April 13, 2012

Texas Court of Appeals

Ex parte Rodriguez – 7th COA

No. 07-11-0384-CR : 4/3/12

Issue:

Did the trial court properly deny a pretrial writ of habeas corpus alleging a violation of double jeopardy where, previously, a mistrial had been granted due to the State’s delayed disclosure of photographic evidence obtained by a sexual assault nurse examiner (SANE)?

Holding:

Yes, the decision to declare a mistrial, even if “improvidently quick” was manifestly necessary. Where a trial judge faces the options of either 1) excluding the photographs and thereby creating a potential ineffective assistance of counsel claim or 2) continuing the proceedings for an indeterminate but lengthy period of time, the decision is within the zone of reasonable disagreement.
Read Opinion 

Commentary:

This is a very thorough and well-researched decision that discusses the facts in good detail. But I would be careful in relying upon it until the Court of Criminal Appeals has had a chance to review it. Granting of a mistrial because of the delayed disclosure of only potentially exculpatory evidence seems, on its face, to be an extreme remedy. And the photographs may have in fact been largely inculpatory. This case was obviously litigated well on appeal, and this decision is definitely one you should read if you are faced with a double jeopardy claim after the trial court’s granting of a mistrial.

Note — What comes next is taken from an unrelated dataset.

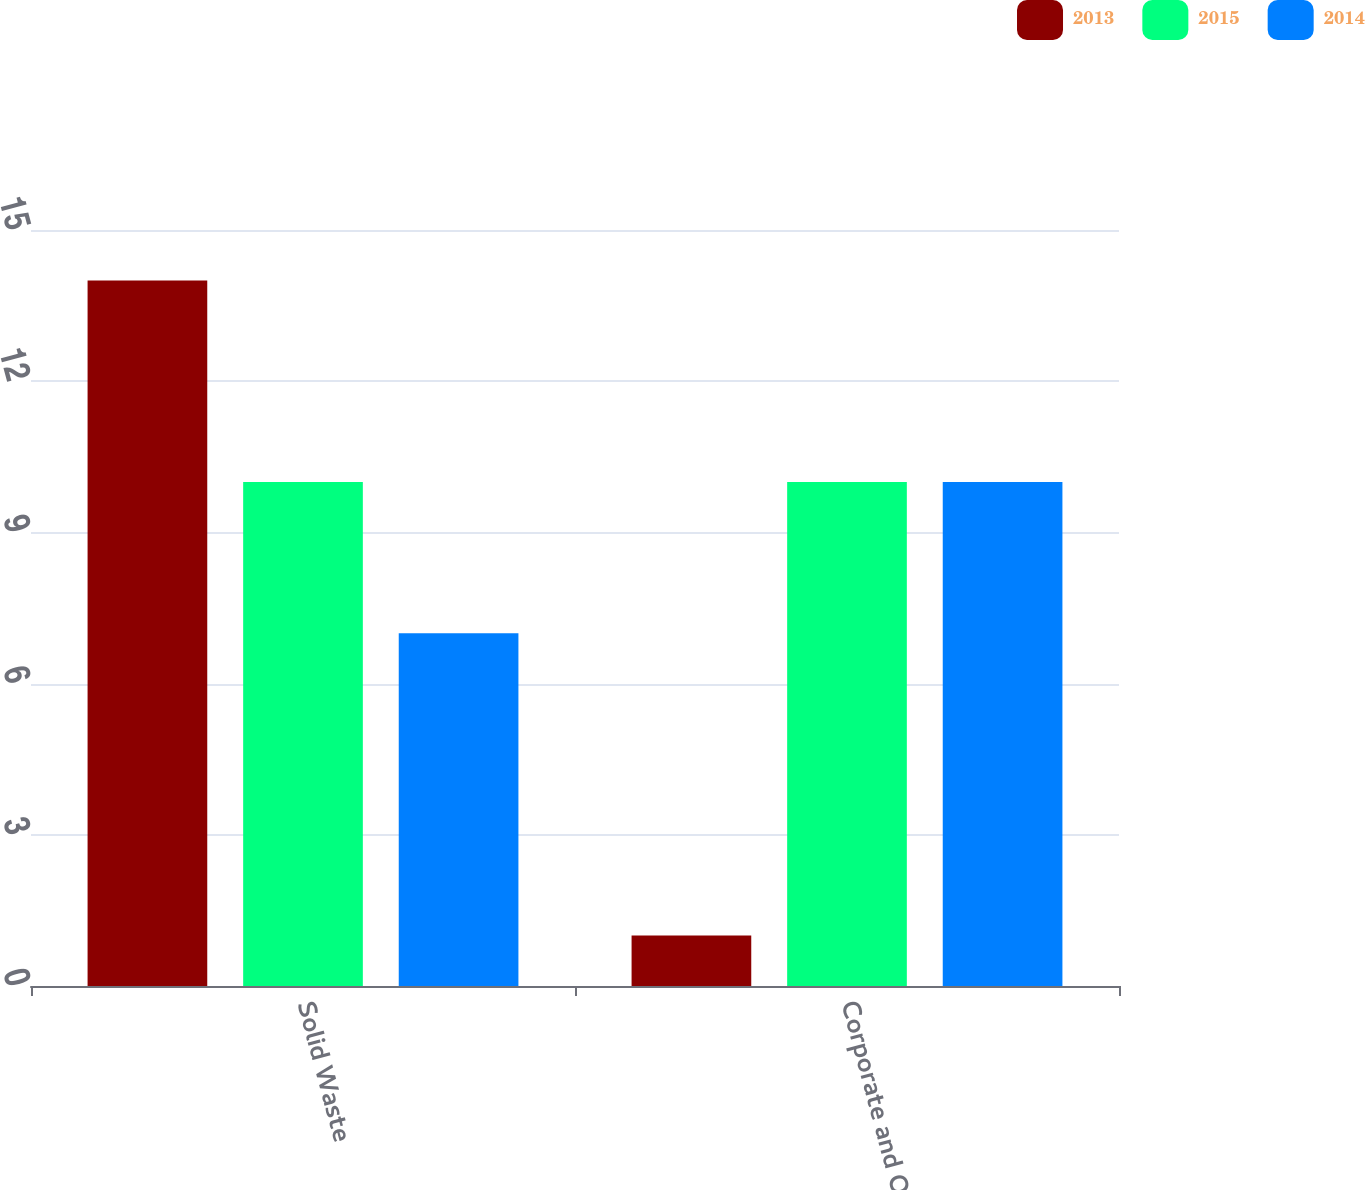<chart> <loc_0><loc_0><loc_500><loc_500><stacked_bar_chart><ecel><fcel>Solid Waste<fcel>Corporate and Other<nl><fcel>2013<fcel>14<fcel>1<nl><fcel>2015<fcel>10<fcel>10<nl><fcel>2014<fcel>7<fcel>10<nl></chart>

Crippen v. State – 11th COA

No. 11-11-00138-CR : 4/5/12

Issue:

Did the trial court wrongly deny a defendant charged with aggravated assault of a child by digital penetration an instruction of injury to a child?

Holding:

No. Although the child here did suffer bodily injury, injury to a child requires an additional element of bodily or mental injury, and evidence of penetration does not constitute proof of bodily injury. Additionally, the State was not required to prove an injury, and the offense of injury to a child cannot be proven by the same facts necessary to prove aggravated sexual assault of a child younger than 14 years. Also, injury to a child is not the lesser-included offense of aggravated sexual assault of a child on any other grounds under CCP art. 37.09.
Read Opinion 

Commentary:

This is a short decision, but it is very helpful if you are confronted with an argument in a prosecution for aggravated sexual assault of a child that the defendant is entitled to an instruction on injury to a child. The court holds that the first prong of the test for an instruction is not satisfied: Injury to a child is not a lesser-included offense of aggravated sexual assault of a child. But frankly I do not believe that the second prong of the test could be satisfied either. There does not appear to be any evidence that, if the defendant was guilty, he was guilty only of injury to a child.

Rolle v. State – 14th COA

No. 14-10-01168-CR : 4/5/12

Issue:

At the guilt/innocence stage of a capital murder trial, did the trial court improperly admit one of two autopsy photographs of the deceased’s unborn baby?

Holding:

Yes, three out of the four factors considered (probity, impression, and need) favored exclusion of the photograph, but the error was harmless.
Read Opinion 

Dissent:

The admission harmed the defendant.

Commentary:

In a murder prosecution, in which your victim is a pregnant woman, you should think long and hard about introducing a photograph of the victim’s unborn child. Such evidence has caused problems in several murder cases in the past. It did not cause a reversal here only because the defendant’s punishment was automatic, and evidence of the defendant’s guilt was strong.